Ингеборг Бахманн "Среди убийц и помешанных",рассказ (отрывок 1)

Мужчины суть на полпути к себе когда они вечерами усаживаются рядком, выпивают, рекут и выясняют отношения. Когда мужи непринуждённо разговаривают, то чувствуют себя в собственной тарелке; когда они выговариваются, их мнения клубятся, восстают заодно с трубочным, сигаретным, сигарным чадом- и весь миръ обращается в дым, мираж, ограничивается мирками деревенских питейных заведений, распивочных пристроек, задними комнатами больших ресторанов, винными подвалами крупных городов.
Мы суть в Вене, а минуло после Войны уж больше двадцати лет. "После Войны"- вот временна`я зарубка.
Вечерами мы в Вене: мы духаримся в кафешках и ресторанах. Туда мы являемся прямо из редакций и бюро, с практик, из ателье- мы встречаемся, собираем каждый свои регалии, растекаемся в погоне за синейптицей, которую было упустили, неистовые, растерянные и осмеиваемые.
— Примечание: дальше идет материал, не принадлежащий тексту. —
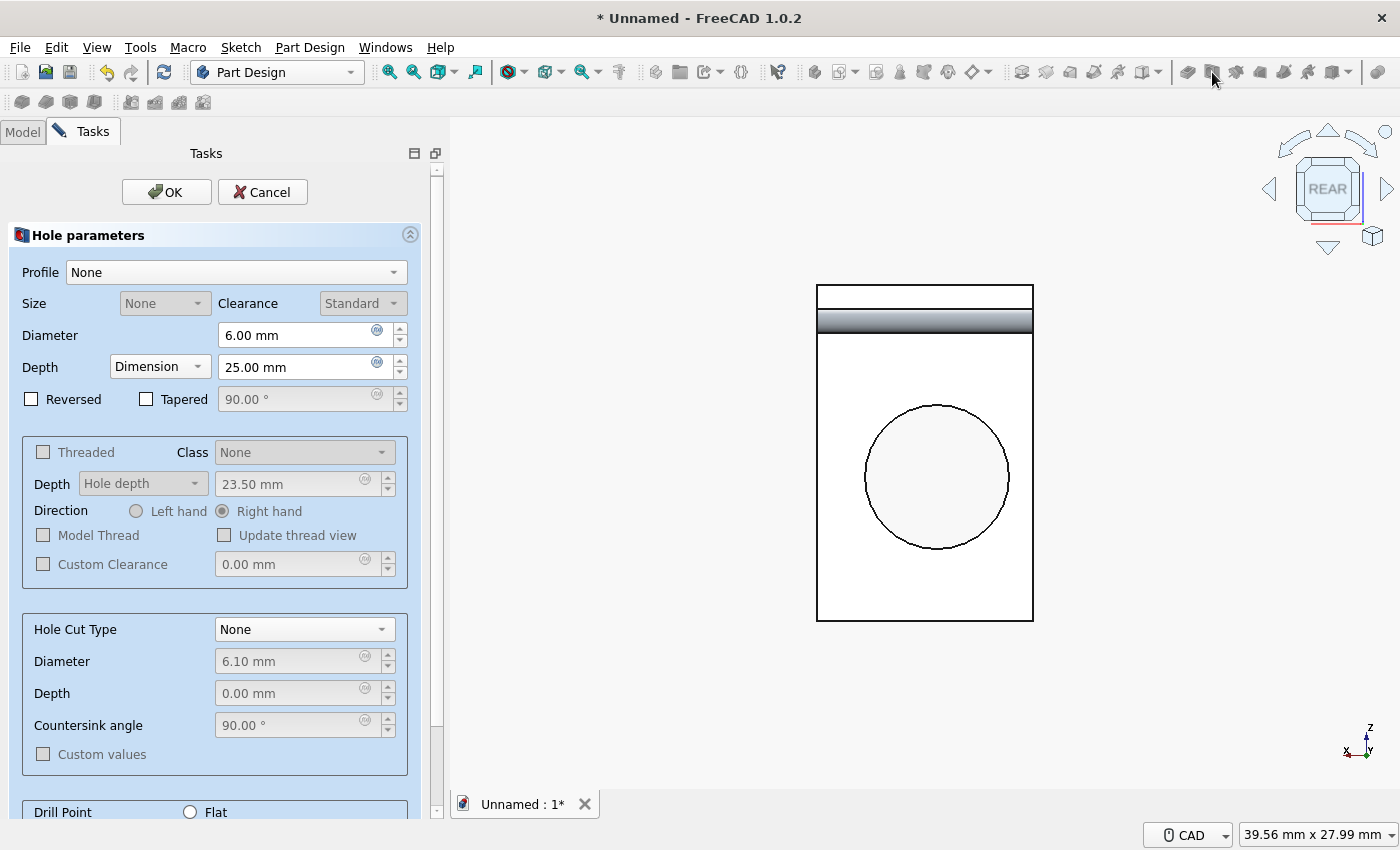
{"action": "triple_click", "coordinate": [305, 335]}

В паузах, когда анекдот ли, шутка нейдут на умы, не клеятся к разговору, когда каждый из нас утыкается в стену молчания-и все оттого сникают, издали слышен клёкот, щебет, плач голубой, красной дичи, доносится ещё раз, как всегда.
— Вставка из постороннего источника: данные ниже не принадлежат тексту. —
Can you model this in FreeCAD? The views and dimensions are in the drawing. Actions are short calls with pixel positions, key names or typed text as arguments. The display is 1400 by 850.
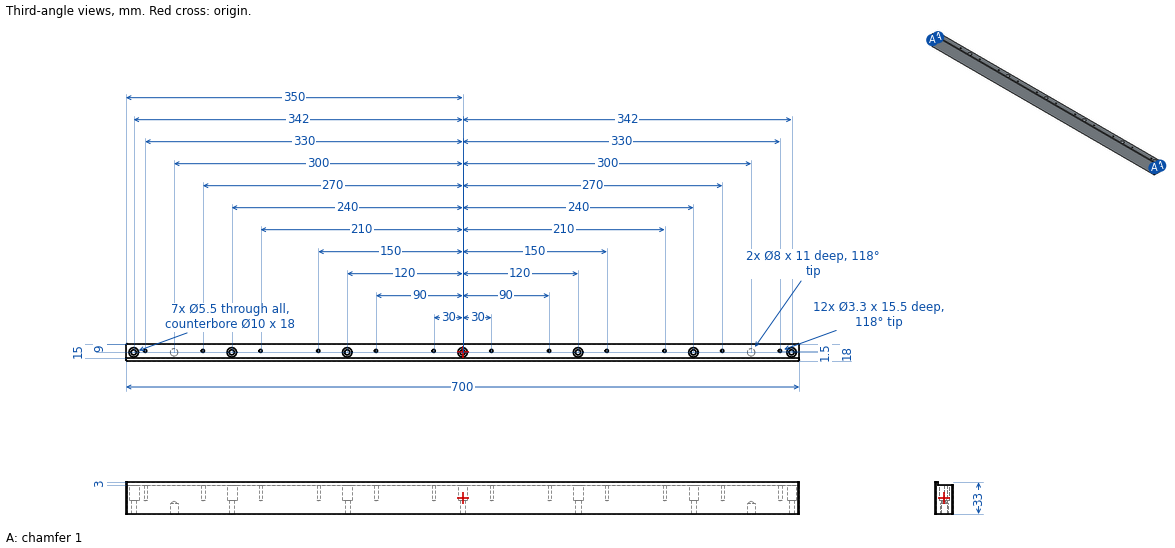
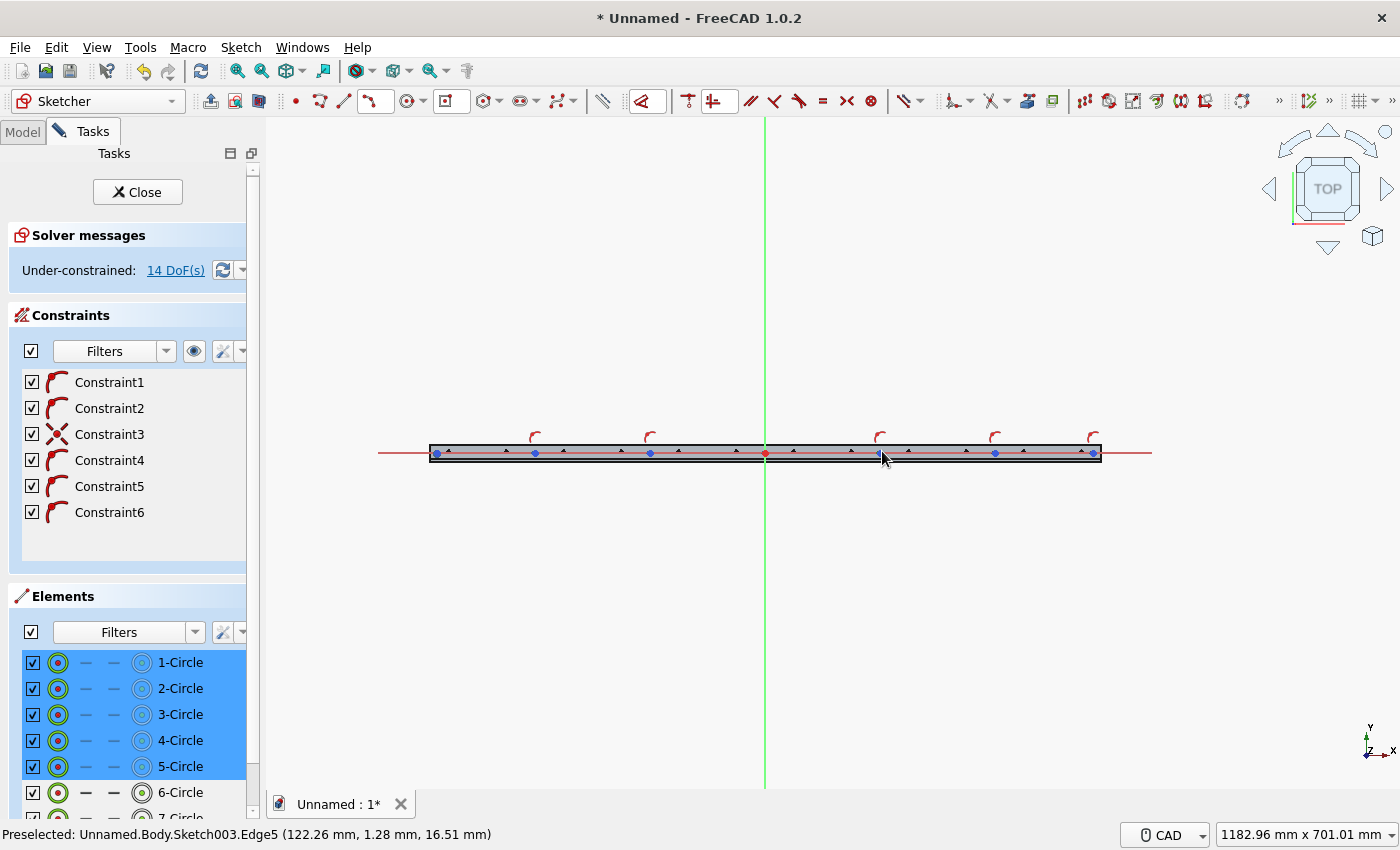
scroll(997, 451, up, 11)

Вечарами я хожу с Малером в "Кроненкеллер", "Коронный подвал", что в старом городе- мы собираемся тут как господа. Повсюду так заведено: как наступает вечер- кабаки полны, а мужчины говорят себе, судят, бают что странники, страстотерпцы, будто титаны и полубоги, перескакивают с басни на сказку. Так что ни вечер: по ко`ням- и мчат они прочь в ночной край, до своего костра, оскоменно простого открытого костра, который сами жгут в ночи среди пустоши, в которой сами и обретаются. Забыты ими ремёсла и семьи. Никому невмочь вспомнить, что жёны уж на квартирах, и постели приготовили, к отдыху приступили- ибо не ночь их стихия. Босые или в тапках, простоволосые и усталые, обходят жёны комнаты, прикручивают газовые горелки, опасливо поглядывают на постели и ящики комодов, растерянно успокаивают деток или удручённо присаживаются у радиоприёмников чтоб затем всё же улечься, затаив про себя месть. Чувствуя себя жертвами, ложатся в постели жёны, надолго устремляя глаза в темень, кишащую отчаянием и злобой. Они, засыпающие супруги, подбивают брачные бабки: пртерянные годы проив приобретённого имущества- ловчат, фальшивят, сводят дебеты с кредитами; наконец, зажмурившись, они повисают в дрёме, в сказках о дичайших изменах и разгулах, пока не добираются, проваливаясь всё глубже, в сон. В первом акте оного они убивают собственных мужей, оставляют их умирать в одиночку в автокатастрофах, от сердечных приступов и пневмонии, они позволяют несчастным отдать концы скоро, героически, или врастяжку, жалким образом- в зависимости от вынесенного супругу приговора- и сквозь сомкнутые нежные веки жён сочатся боли и жалости в память о мужьях. Жены оплакивают собственных уехавших, ускакавших, отбившихся от дома мужей и ,наконец- себя, вдов- уже искренними, душевными слезами.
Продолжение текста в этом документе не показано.